Un cadre législatif pour l’autoconsommation

Le Titre IV est quant à lui consacré aux énergies renouvelables. Ce titre contient les mesures relatives à la promotion du développement des énergies renouvelables électriques et thermiques. Y figurent les dispositions de toilettage de la législation et de simplification, ainsi que la clarification et l’optimisation des dispositifs de soutien aux énergies renouvelables (y/c l’obligation d’achat), visant à en assurer la soutenabilité économique, et à optimiser le développement des filières et de l’emploi. Le cadre des soutiens financiers aux énergies renouvelables sera aménagé pour élargir et adapter les modalités possibles de soutien (tarifs d’achat, primes à la production ou à l’investissement, appels d’offres…), pour permettre ensuite des mises en œuvre souples, en fonction des réflexions sur l’évolution de ces modalités de soutien et en tenant compte des nouvelles lignes directrices, que la Commission européenne devrait prochainement publier, sur les aides d’État en matière d’environnement et d’énergie.
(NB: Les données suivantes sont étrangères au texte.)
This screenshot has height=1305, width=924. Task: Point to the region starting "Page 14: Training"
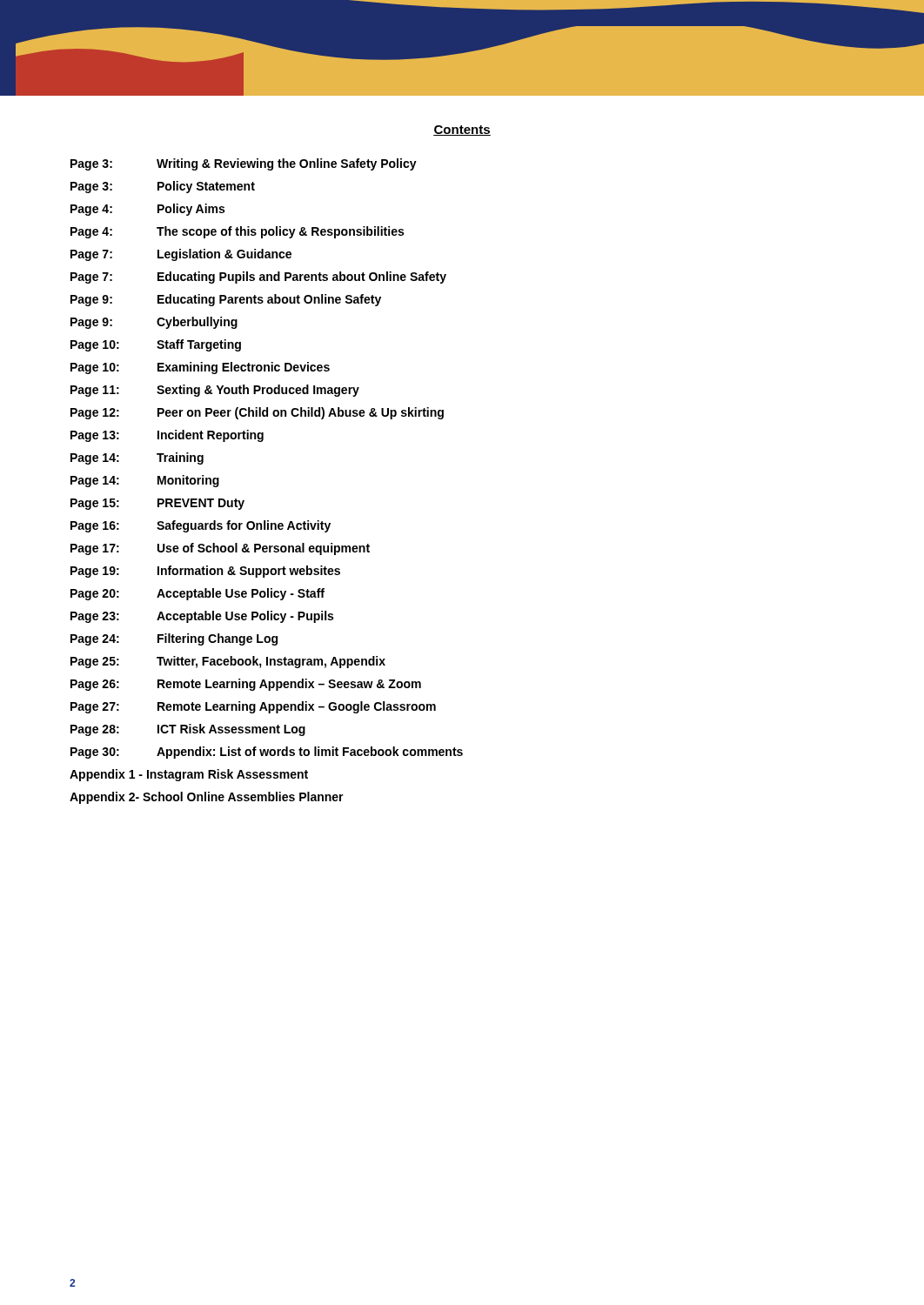[x=95, y=458]

De même la question de l’autoconsommation/ auto-production, qui fait actuellement l’objet de consultations, pourrait nécessiter des aménagements législatifs, au moins pour créer un cadre potentiel. Une meilleure efficacité de ces soutiens sera un des objectifs de la loi. Des aménagements pourront être apportés dans les domaines suivants :
- organisation du renouvellement des concessions hydroélectriques, dans une vision globale des enjeux, en fonction des travaux en cours suite en particulier au dernier rapport parlementaire,
- cadre législatif des installations de production d’énergie renouvelable en mer,
- le cas échéant contrôles du respect des obligations associées aux soutiens (une mission d’inspection générale a été lancée sur ce thème).